На хуторе царило что-то странное, необъяснимое, живое. Наверное, это впечатление шло от теплого дерева, бревен, уже потемневших от времени, но еще хранящих прикосновения мастеров-плотников и главного мастера Ивана Трифоновича, а через него и всех Твардовских.
Возможно, простая ухоженность хутора тоже произвела впечатление после дурных трав этой скупой земли. В пути мне вспоминались не раз слова поэта о пустыне непролазного волчьего мелколесья, забитого бурой дурной травой в рост конопли. Эти меткие определения из его послевоенного очерка «В родных местах». Печалью заброшенности и опустошенности вновь отмечены эти места.
И я снова подивился упорству хозяина, расчищавшего здесь место для вольной крестьянской жизни.
Чуть позже, остановившись по совету директора музея и говорливой смуглой приветливой смотрительницы в километре от хутора на озере, взялся за топорик, чтобы вырубить место под кострище, и после первого же удара почувствовал, что за земля здесь: дебелая, спекшаяся и как будто мертвая. Вот словно ее вспахали, а бороновать не стали, и она так и закаменела кусками.
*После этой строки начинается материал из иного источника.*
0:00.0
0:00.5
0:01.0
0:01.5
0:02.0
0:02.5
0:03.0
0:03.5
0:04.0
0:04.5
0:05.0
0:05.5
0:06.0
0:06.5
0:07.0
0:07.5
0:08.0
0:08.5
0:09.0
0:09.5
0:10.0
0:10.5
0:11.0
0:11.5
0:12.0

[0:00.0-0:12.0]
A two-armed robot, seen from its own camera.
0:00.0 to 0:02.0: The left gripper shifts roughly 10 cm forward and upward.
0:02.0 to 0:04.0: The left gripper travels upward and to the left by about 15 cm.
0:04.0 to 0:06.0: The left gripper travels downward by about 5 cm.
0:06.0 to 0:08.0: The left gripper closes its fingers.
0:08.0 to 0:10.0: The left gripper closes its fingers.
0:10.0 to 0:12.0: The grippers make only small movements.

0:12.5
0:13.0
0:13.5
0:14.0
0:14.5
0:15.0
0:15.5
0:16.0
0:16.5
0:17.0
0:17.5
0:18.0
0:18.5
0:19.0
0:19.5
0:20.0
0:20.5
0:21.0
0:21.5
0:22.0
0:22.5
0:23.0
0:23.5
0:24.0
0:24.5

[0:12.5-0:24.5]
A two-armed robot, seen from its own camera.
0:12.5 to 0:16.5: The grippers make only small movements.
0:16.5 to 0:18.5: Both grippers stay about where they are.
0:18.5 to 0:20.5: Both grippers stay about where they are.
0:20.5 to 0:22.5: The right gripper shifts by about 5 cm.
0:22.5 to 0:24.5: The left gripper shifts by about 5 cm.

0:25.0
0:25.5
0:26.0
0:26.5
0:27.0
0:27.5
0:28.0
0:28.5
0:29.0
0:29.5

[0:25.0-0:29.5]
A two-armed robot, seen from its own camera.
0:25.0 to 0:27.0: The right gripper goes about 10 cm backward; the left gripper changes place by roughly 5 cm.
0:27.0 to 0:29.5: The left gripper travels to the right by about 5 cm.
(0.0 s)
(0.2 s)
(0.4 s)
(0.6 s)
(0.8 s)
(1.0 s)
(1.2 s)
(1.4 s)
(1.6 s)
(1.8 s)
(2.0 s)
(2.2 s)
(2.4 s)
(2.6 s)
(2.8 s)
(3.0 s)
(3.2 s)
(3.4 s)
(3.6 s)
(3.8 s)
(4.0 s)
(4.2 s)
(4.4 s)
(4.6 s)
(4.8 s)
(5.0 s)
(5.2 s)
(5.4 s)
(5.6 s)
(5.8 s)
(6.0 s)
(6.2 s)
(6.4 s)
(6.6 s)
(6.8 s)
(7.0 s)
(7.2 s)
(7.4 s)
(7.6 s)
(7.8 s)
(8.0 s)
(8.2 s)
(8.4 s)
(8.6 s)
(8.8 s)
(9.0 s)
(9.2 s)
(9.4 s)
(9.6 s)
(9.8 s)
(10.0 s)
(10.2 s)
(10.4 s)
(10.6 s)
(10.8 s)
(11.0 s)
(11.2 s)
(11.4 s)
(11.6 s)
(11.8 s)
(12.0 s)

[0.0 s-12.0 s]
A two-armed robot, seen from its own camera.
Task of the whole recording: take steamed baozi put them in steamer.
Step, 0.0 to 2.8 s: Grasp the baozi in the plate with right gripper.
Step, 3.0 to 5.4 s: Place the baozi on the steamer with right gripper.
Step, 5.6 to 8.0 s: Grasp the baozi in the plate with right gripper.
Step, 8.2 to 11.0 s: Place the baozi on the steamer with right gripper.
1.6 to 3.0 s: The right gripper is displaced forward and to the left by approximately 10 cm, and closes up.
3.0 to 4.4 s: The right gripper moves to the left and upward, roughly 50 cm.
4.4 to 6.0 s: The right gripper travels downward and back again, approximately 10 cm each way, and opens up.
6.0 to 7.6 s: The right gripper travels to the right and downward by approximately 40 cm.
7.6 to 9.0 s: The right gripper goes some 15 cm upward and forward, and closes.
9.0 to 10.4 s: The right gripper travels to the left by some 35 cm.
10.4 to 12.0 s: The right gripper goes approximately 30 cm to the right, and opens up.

А на самом деле земля не мертвая, живая и по-своему красивая. Красоту и жизнь и выявляют крестьянские руки. Но вот даже обустроить обыкновенный походный лагерь в осинках на этой земле просто не получится, надо попотеть.
Смешно и сравнивать это туристское мероприятие с возведением хутора и жизнью на нем. Но в то же время, прожив это сравнение, лучше понимаешь, что за человек был «Пан», как отрекомендовал кузнеца Трифона Гордеевича его знакомый, когда привел его в дом обедневшего дворянина Митрофана Яковлевича Плескачевского, будущего тестя, как не без ехидства звали его деревенские.
Как хотите, но – поразительный человек! Сын бывшего варшавского солдата-артиллериста Гордея, окончивший три класса, умелый кузнец, упорный крестьянин, лошадник и песенник. Стоило ли ему удивляться, когда на чердаке были найдены свернутые листки почтовой бумаги, исписанные сыном? И когда вдруг обнаружилась инаковость сына, когда тот ушел как будто от крестьянской жизни – сначала в неясные мечты, в чужие библиотеки (за двенадцать верст ходил на станцию Пересну, брал книги), в чужие дома (после разладов с родителем жил в соседних деревнях у знакомых), а потом и вовсе в город?
Со стороны и по прошествии времени легко на все это указать. А в то время все было смутно и неочевидно. В Смоленске – рой пишущих, какой там можно заработать этим делом хлеб? Кажется, в недоверии отца была и толика крестьянской скромности: мой ли сын поэт? Ведь поэт – это Некрасов, Лермонтов, ну, Кольцов.
Иван Трифонович запечатлел день исхода Александра из деревни.
Отец с трудом молчал, наблюдая, как зимним днем юноша Саша – в поношенном кожушке – нагольной овчинной шубейке с воротником из чалой телячьей шкурки, – в шапке покупной, серого барашка, с кожаным черным верхом, называвшейся финской, в серых, кустарной работы валенках, заметно стоптанных внутрь, – прощается со всеми, подходит и к нему, что-то очень тихо говорит, протягивает руку и, не встретив взаимности, поворачивается и выходит, неся жалкий узел с вещичками, садится в сани соседа, запряженные какой-то бледной хворой лошаденкой, и уезжает.